■ YOUR OBJECTIVE
Go through the records below and copy out every line holding "dimtype".

■ SUPPLIED RECORDS
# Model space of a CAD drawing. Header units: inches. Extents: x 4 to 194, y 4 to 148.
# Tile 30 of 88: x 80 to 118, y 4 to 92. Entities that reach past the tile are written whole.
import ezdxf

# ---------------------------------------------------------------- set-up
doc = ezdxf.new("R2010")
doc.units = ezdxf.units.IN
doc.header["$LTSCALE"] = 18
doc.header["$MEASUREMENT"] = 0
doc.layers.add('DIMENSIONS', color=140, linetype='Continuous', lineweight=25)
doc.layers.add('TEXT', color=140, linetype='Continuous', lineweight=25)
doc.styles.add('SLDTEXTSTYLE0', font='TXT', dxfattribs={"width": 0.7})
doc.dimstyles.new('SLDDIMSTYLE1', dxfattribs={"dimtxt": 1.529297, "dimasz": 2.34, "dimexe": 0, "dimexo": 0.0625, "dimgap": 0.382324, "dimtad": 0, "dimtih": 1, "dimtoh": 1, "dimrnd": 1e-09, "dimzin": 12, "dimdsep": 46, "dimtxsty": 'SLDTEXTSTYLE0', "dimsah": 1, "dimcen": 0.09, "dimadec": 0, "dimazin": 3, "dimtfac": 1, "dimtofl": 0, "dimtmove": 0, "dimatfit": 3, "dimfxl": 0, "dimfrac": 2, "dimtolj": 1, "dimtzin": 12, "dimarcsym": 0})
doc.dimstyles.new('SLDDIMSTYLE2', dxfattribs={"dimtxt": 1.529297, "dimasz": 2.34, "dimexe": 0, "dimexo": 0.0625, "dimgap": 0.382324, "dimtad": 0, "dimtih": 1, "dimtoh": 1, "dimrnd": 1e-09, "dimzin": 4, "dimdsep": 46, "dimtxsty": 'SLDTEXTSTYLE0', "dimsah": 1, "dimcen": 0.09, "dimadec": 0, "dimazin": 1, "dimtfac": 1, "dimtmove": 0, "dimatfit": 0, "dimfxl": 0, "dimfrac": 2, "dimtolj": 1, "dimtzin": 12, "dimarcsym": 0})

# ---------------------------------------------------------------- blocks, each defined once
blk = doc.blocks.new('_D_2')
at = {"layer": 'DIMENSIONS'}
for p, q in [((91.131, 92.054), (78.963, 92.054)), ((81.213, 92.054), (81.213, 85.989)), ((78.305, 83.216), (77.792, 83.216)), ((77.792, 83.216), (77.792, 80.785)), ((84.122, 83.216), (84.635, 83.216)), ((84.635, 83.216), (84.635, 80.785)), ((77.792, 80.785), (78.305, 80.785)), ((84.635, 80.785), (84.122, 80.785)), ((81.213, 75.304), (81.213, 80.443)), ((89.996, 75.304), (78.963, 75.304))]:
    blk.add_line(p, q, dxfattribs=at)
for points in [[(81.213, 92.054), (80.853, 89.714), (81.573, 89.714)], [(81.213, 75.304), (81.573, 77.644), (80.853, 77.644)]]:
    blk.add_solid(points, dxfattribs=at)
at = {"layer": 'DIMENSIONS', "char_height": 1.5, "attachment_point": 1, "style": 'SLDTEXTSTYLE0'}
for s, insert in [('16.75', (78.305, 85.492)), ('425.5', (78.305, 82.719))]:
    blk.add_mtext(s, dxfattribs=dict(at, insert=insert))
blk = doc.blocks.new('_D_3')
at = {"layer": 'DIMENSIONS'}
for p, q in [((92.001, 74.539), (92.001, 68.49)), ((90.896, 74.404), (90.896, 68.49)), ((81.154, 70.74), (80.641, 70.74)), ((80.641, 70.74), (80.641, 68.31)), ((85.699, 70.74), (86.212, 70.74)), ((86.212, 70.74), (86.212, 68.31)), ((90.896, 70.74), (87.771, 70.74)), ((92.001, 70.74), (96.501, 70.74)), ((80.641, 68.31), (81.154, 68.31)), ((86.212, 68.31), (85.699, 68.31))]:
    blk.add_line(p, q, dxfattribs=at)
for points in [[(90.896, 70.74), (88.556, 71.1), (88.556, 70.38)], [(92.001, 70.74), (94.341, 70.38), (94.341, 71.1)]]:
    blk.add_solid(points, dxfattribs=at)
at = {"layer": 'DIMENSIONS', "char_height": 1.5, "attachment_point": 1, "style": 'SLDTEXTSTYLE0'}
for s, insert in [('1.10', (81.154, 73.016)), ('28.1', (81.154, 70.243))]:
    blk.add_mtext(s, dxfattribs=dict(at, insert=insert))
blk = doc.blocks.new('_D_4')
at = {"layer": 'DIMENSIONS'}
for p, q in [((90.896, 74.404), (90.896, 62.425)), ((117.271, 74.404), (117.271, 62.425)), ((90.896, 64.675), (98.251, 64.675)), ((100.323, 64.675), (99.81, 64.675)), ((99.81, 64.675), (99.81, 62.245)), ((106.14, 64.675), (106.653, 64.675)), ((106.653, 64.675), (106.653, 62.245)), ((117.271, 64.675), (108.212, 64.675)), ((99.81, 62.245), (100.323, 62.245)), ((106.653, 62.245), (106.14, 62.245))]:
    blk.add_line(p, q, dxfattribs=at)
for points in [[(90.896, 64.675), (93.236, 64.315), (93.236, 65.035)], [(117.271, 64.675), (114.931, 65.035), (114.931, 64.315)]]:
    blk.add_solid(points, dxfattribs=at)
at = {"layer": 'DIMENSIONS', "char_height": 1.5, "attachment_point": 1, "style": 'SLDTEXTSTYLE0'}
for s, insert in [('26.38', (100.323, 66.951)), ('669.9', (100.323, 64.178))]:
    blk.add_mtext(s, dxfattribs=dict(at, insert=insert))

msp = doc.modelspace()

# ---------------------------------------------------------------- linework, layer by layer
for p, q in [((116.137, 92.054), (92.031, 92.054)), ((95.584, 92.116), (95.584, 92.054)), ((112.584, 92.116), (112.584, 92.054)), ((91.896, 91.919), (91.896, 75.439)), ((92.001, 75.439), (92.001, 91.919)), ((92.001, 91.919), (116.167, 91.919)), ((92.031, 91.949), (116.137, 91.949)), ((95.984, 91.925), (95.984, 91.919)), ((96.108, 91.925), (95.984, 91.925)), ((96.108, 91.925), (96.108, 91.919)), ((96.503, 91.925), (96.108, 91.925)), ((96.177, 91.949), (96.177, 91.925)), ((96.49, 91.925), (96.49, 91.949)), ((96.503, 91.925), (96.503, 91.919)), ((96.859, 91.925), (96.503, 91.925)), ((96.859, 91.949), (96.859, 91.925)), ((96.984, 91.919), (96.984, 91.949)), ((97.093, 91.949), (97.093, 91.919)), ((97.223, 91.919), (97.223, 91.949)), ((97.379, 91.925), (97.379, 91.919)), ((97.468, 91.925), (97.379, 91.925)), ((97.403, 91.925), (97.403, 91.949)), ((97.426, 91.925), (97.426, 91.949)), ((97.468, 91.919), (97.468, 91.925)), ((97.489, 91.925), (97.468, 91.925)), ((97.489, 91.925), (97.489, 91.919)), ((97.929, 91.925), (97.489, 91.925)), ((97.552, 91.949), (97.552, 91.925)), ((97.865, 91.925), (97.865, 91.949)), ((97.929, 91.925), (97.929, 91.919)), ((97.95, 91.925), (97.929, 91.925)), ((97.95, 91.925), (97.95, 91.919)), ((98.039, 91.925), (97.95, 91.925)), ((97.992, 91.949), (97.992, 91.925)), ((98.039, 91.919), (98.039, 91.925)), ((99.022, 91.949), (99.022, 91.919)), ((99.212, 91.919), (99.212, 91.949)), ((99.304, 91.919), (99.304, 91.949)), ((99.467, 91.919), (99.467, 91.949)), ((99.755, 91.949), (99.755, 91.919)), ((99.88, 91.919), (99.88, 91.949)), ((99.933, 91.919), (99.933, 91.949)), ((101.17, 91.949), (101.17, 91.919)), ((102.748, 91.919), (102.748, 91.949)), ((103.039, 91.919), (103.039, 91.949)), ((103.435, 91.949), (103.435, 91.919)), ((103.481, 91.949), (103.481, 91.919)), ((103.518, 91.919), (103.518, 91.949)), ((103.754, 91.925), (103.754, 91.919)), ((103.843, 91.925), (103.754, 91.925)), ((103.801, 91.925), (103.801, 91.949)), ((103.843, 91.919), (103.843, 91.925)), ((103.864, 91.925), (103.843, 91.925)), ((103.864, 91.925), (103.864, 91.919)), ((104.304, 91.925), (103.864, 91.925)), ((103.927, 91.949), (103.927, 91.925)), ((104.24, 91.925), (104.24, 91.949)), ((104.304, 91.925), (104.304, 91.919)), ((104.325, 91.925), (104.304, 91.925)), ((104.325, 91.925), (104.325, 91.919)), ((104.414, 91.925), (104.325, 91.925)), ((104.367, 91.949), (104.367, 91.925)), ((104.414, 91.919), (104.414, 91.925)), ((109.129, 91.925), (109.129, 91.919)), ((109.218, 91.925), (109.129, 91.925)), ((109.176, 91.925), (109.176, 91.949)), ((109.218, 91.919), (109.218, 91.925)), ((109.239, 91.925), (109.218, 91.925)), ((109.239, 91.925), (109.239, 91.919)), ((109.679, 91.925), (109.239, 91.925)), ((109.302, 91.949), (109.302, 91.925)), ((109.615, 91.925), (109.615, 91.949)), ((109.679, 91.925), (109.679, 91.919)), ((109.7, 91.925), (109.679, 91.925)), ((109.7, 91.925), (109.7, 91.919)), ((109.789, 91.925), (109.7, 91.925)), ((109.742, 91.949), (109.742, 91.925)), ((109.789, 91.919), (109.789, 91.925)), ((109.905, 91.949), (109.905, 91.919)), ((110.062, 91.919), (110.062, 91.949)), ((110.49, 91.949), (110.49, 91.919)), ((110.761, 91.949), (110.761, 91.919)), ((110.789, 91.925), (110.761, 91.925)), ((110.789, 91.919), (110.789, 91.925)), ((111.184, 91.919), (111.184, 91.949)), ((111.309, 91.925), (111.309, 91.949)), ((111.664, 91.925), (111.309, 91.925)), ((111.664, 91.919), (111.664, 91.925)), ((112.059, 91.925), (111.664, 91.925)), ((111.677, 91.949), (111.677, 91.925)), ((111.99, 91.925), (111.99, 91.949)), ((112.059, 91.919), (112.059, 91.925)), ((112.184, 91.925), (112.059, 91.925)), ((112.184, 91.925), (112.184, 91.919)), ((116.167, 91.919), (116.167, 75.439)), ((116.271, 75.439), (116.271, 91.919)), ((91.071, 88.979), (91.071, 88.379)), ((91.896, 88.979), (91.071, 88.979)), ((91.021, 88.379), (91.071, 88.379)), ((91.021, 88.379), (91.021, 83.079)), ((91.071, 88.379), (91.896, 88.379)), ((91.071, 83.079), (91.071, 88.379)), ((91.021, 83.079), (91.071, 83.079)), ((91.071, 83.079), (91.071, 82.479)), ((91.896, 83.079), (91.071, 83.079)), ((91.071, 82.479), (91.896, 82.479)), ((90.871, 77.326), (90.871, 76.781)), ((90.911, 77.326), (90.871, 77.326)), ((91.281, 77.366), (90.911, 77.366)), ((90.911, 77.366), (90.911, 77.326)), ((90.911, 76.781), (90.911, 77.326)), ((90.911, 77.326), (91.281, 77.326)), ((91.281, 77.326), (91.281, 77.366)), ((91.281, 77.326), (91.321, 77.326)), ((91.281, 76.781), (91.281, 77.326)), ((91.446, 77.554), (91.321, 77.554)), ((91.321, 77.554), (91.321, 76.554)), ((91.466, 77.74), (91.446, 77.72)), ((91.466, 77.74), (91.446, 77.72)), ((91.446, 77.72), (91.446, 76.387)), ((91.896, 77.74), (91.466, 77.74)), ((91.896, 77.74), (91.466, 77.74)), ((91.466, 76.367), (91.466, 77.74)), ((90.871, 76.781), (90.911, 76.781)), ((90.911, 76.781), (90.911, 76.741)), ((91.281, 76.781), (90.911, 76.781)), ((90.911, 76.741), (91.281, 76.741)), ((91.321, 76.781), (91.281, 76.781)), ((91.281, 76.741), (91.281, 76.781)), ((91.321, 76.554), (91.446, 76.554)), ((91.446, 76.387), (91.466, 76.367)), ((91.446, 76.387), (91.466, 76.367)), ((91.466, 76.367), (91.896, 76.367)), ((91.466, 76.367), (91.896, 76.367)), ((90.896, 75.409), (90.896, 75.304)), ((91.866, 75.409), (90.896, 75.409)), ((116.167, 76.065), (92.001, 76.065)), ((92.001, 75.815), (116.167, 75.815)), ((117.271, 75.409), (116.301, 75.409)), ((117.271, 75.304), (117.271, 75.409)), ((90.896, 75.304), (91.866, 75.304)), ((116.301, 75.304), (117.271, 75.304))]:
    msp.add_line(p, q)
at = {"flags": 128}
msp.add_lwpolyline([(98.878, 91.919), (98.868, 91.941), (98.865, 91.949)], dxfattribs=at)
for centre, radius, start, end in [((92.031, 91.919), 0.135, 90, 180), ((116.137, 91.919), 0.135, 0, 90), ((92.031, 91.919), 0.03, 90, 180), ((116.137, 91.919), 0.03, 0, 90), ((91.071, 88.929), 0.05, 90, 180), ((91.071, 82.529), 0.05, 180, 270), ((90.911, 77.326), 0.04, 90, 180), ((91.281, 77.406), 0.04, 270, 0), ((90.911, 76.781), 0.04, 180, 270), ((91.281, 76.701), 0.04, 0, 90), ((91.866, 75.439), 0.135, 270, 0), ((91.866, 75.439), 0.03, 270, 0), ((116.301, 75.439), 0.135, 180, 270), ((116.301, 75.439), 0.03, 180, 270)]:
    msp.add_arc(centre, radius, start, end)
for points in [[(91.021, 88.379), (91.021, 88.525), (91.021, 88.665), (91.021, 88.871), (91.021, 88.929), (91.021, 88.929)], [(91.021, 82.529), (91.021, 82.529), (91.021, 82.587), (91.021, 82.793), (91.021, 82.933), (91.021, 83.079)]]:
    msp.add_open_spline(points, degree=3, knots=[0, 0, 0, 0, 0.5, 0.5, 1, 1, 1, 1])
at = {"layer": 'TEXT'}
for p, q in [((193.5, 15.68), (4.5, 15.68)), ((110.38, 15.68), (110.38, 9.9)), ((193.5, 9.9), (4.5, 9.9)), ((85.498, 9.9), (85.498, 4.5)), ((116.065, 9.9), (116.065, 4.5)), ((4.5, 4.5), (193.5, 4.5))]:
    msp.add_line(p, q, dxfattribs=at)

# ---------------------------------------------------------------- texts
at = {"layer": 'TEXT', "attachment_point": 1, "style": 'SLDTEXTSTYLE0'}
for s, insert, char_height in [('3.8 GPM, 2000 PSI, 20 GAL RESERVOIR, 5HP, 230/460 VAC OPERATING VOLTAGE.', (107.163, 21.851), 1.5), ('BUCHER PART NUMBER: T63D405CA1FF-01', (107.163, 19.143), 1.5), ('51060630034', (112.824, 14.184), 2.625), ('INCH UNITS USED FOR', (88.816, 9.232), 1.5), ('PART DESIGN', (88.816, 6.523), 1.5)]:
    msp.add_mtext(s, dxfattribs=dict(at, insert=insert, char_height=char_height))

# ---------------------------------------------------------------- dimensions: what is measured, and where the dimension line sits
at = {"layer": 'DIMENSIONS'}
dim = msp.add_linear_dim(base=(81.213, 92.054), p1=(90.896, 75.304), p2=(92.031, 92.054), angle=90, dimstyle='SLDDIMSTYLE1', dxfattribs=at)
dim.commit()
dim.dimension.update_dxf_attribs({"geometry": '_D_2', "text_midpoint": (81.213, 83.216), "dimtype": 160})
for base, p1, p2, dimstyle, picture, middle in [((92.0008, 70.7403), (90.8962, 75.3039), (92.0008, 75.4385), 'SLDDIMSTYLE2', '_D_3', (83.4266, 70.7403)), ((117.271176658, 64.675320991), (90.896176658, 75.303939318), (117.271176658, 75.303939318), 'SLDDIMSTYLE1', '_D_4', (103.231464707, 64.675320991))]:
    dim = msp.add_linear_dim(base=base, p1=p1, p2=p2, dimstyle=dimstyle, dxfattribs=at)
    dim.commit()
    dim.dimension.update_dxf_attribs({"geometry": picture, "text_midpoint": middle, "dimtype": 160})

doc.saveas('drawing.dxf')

■ SOLUTION BELOW
dim.dimension.update_dxf_attribs({"geometry": '_D_2', "text_midpoint": (81.213, 83.216), "dimtype": 160})
    dim.dimension.update_dxf_attribs({"geometry": picture, "text_midpoint": middle, "dimtype": 160})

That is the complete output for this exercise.